Thursday, 12 February 2009

Dew Pond Makers

Downland Dew Pond

A valuable article by the Rev. Edgar Glanfield, Vicar of Imber, Wiltshire Gazette, Dec. 29th, 1922,

“Up to ten years ago the dew pond makers started upon their work about the 12th of September, and they toured the country for a period of six or seven months, making in sequence from six to fifteen ponds, according to size and conveniences, in a season of winter and spring..... They travelled throughout Wiltshire and Hampshire, and occasionally into Somersetshire arid Berkshire, and even into Kent.” The dew pond maker with three assistants at 18s. a week, would require about four weeks to make a pond 22 yards, or one chain, square.

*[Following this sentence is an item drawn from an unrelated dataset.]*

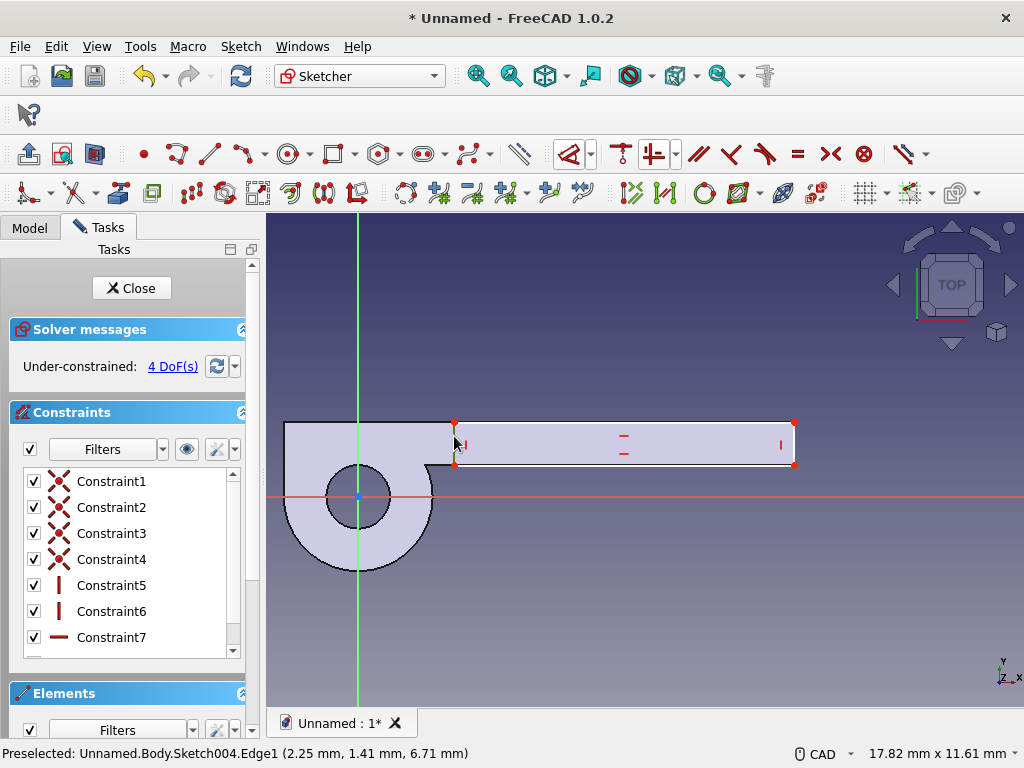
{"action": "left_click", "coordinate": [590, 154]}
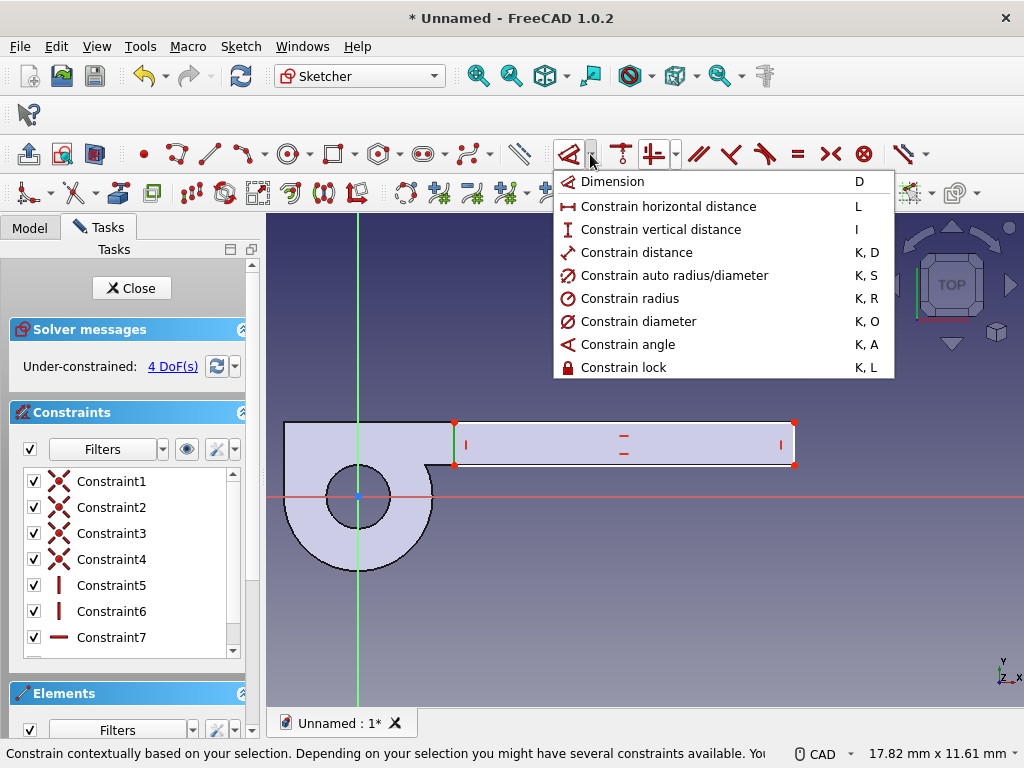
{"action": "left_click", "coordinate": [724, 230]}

Providing all his own tools and appliances he would charge about £40 for the work. “ The work commenced by the removal of the soil to the depth of eight feet. The laying of the floor is then proceeded with from the centre, called the crown, four or five yards in circumference, and to this each day a width of about two yards is added, and continued, course by course until the sides of the basin attain to the normal level of the site. Only so much work with the layers of materials set in order, is undertaken in one day as can be finished at night, and this must be covered over with straw and steined. No layering may be done in frosty or inclement weather. And this is the method of construction:- seventy cart loads of clay are scattered over the area, suggested above. The clay is thoroughly puddled, trodden and beaten in flat with beaters, a coat of lime is spread, slaked, and rightly beaten until the surface is as smooth as a table, and it shines like glass. After it has been hammered in twice, a second coat of lime is applied, to the thickness of half-an-inch, which is wetted and faced to save the under face. A waggon load of straw is arranged and the final surface is covered with rough earth to the thickness of nine inches. The pond when finished affords a depth of water of seven feet." It is then fenced round to keep off cattle and horses, whose hoofs, would break through the bed, and admit sheep only, for whose use the ponds are made. The durability of the dew pond is put at “perhaps 20 years, though “there are ponds in good condition now which were made 36 years ago, and which have never been known to fail to yield an adequate supply of water even in this year of drought (1921). The decay of the industry is attributed partly to the greatly increased cost of the making of the ponds, and partly to the fact that they have been superseded by the windmill pumping water from wells.